Turkish Journal of Medical Sciences




Background/aim: Type 2 diabetes mellitus (T2D) is a complex metabolic impairment. Beta cell (BC) failure is the most challenging among its pathogenetic mechanisms. Recognizing reversible contributors to BC failure could guide individualized approach to early T2D treatment.

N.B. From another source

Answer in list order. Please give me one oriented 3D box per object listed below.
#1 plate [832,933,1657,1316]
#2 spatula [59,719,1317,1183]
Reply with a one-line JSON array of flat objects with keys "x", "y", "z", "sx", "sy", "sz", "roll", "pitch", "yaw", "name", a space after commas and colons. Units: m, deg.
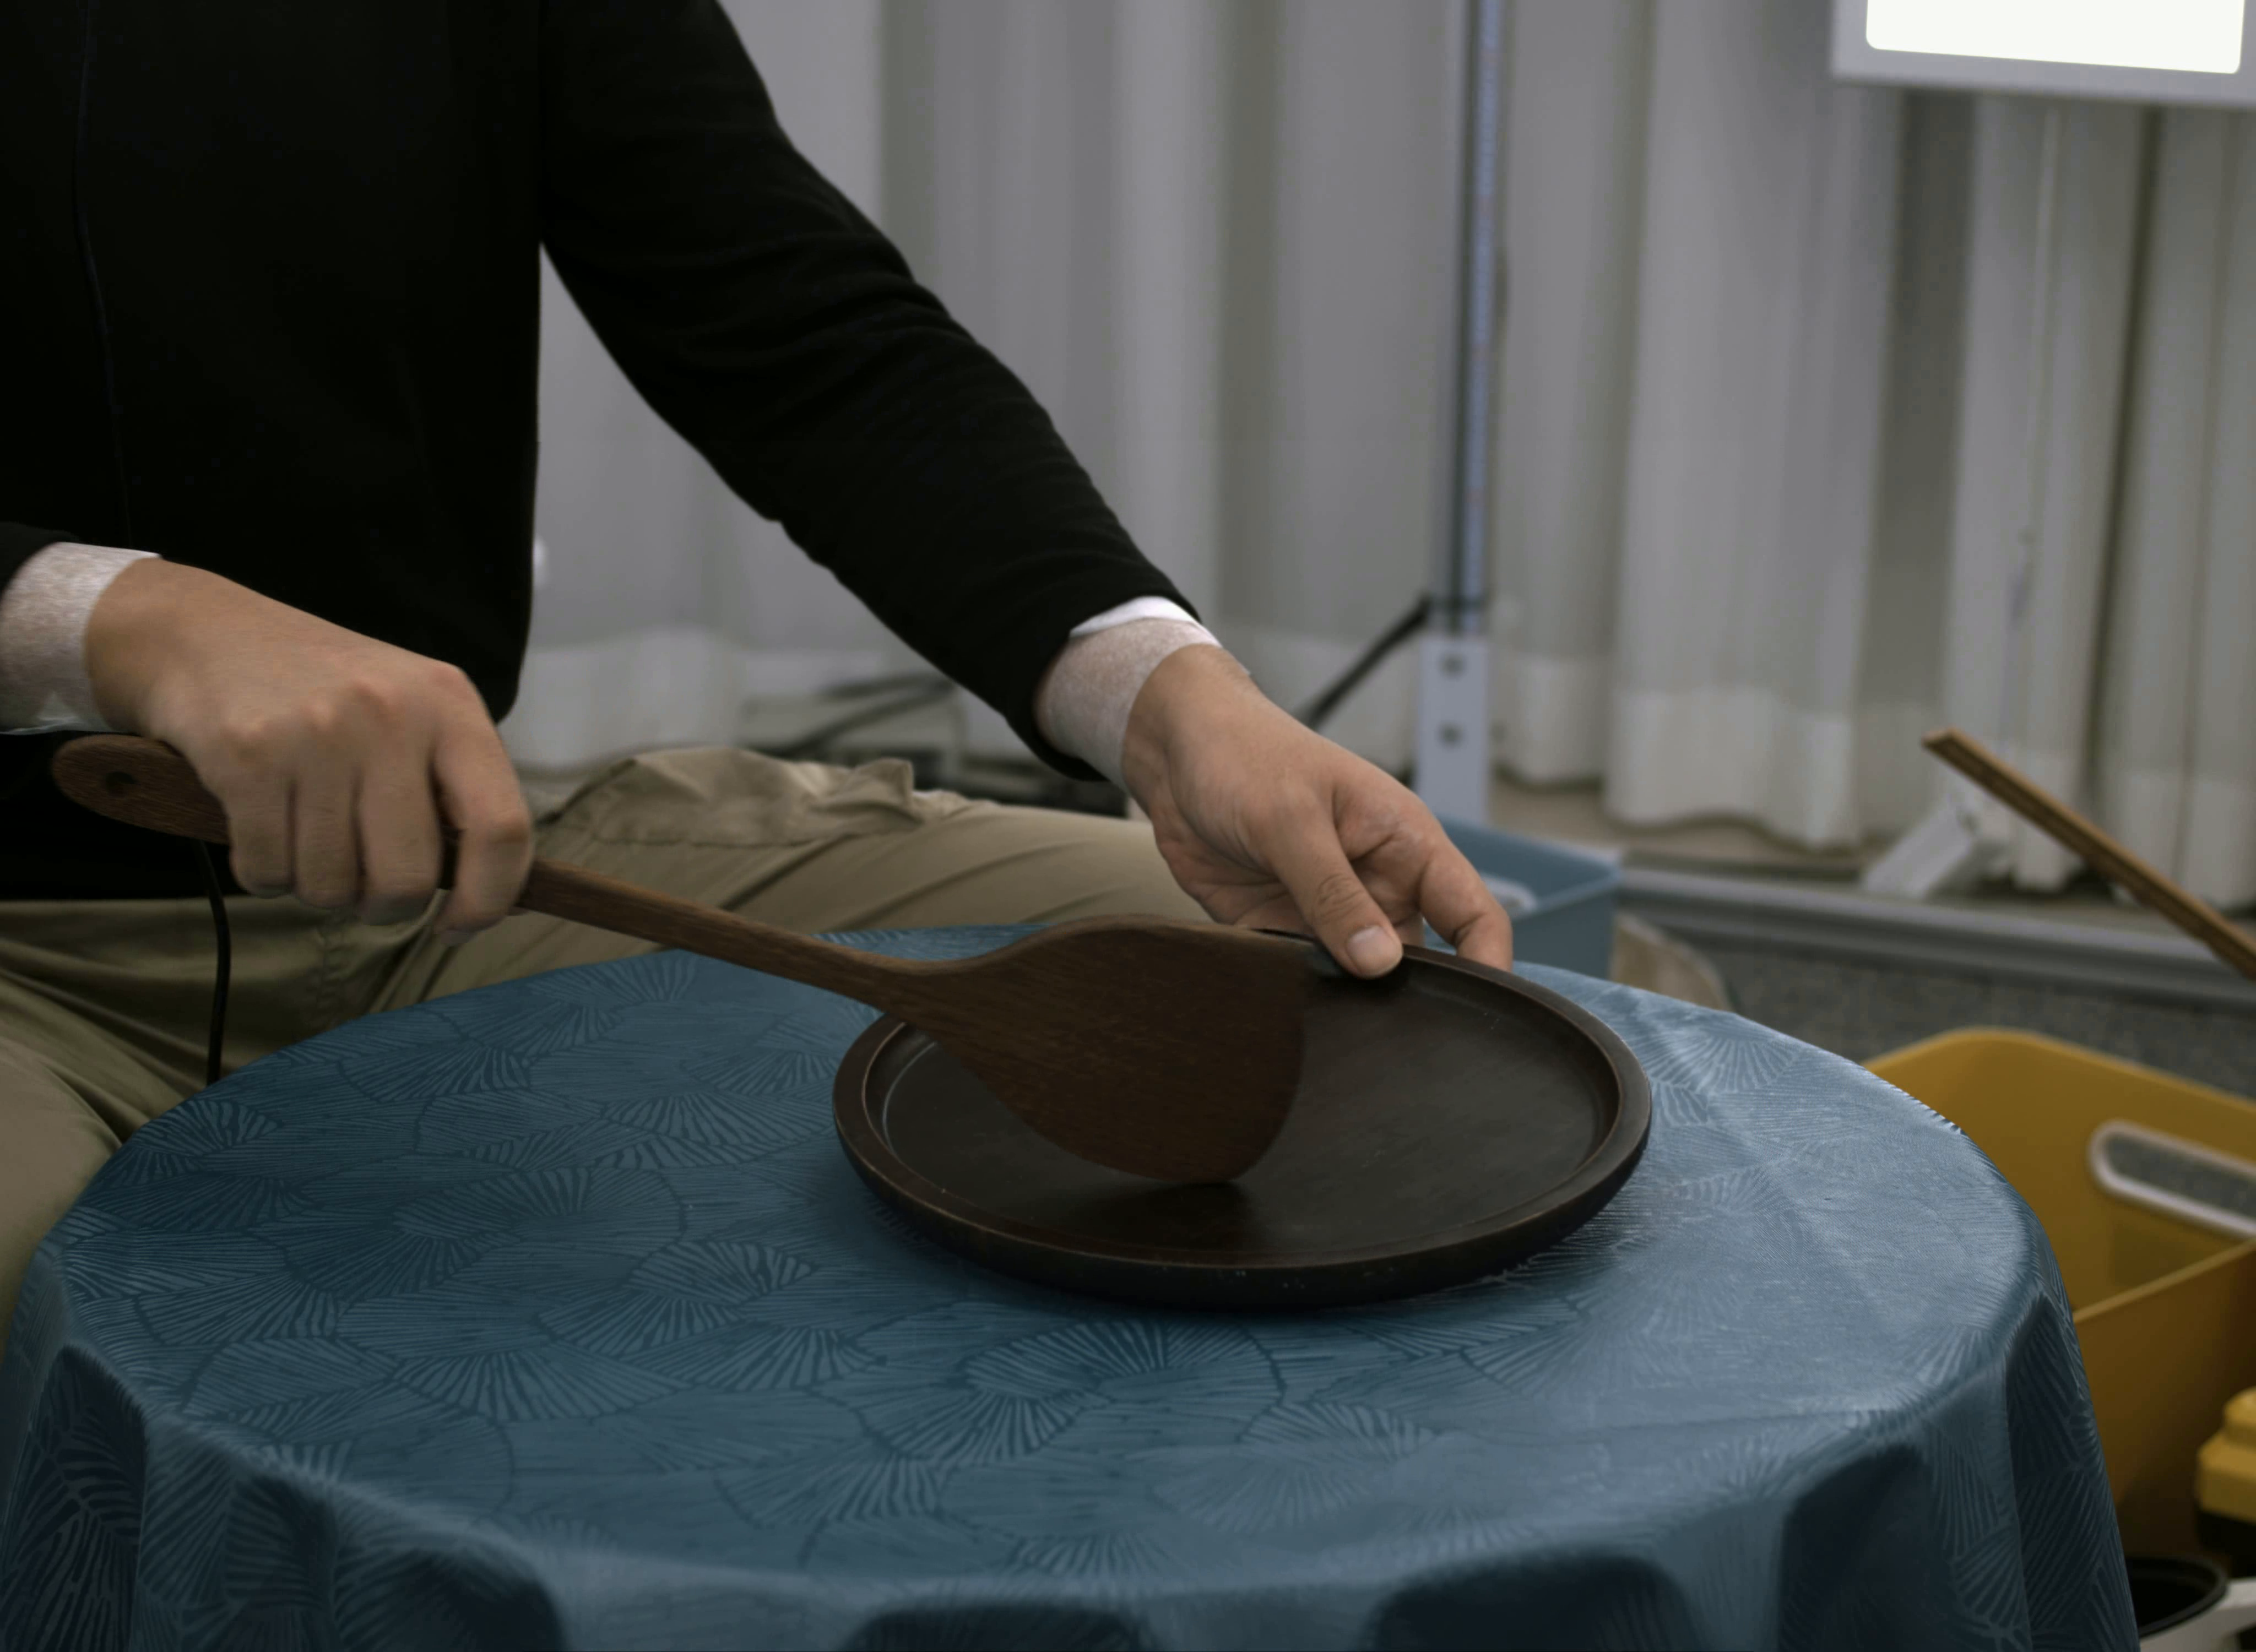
[{"x": 0.035, "y": 0.088, "z": 1.619, "sx": 0.254, "sy": 0.029, "sz": 0.253, "roll": 0, "pitch": 23, "yaw": 0, "name": "plate"}, {"x": -0.132, "y": 0.025, "z": 1.556, "sx": 0.384, "sy": 0.097, "sz": 0.016, "roll": 15, "pitch": 34, "yaw": 4, "name": "spatula"}]

The aim of this study was to compare early short-term insulin treatment vs. glimepiride, both added to metformin, on BC function, glycemic and lipid control, during 12-month follow-up. Patients and methods: Eighty newly diagnosed T2D patients, 30-65 years of age, presenting with HbA1c ≥ 9% were enrolled in the study. They were randomly assigned to single-month initial insulin therapy (INS) added to metformin, or to glimepiride and metformin (OAD) as only treatment. Subjects assigned to initial insulin intervention were thereafter switched to OAD. C-peptide (C-Pep) was analyzed at baseline and 2 hours after standardized test meal (STM). All subjects were STM-retested after 3 and 12 months. HbA1c, serum lipids, BMI, HOMA IR, and HOMA B were assessed over follow-up. Results: HbA1c was lower in INS vs OAD at 3-months: 6.26 ± 0.18% vs 6.78 ± 0.10% (p = 0.016), remaining so by 12 months (p = 0.056). BMI-adjusted ΔC-Pep was greater in INS vs. OAD at 3 months (4.60 ± 0.59 vs. 3.21 ± 0.34 m2/kg; p = 0.044), persisting by 12 months (4.57 ± 0.56 vs. 3.04 ± 0.34 m2/kg; p = 0.023). Average ΔC-Pep improvement from recruitment to 3 months was 100.8% in INS, vs. 51.3% in OAD. Prevalence of STM-ΔC-Pep response greater than 2.4 ng/mL had risen 3.2-fold by 12 months in the INS, vs. 2.4-fold only in the OAD group (p = 0.018). Conclusion: Early short-term insulin intervention in newly diagnosed T2D improves beta cell function more than glimepiride, both added to metformin, resulting in a superior and longer lasting glycemic and lipid control.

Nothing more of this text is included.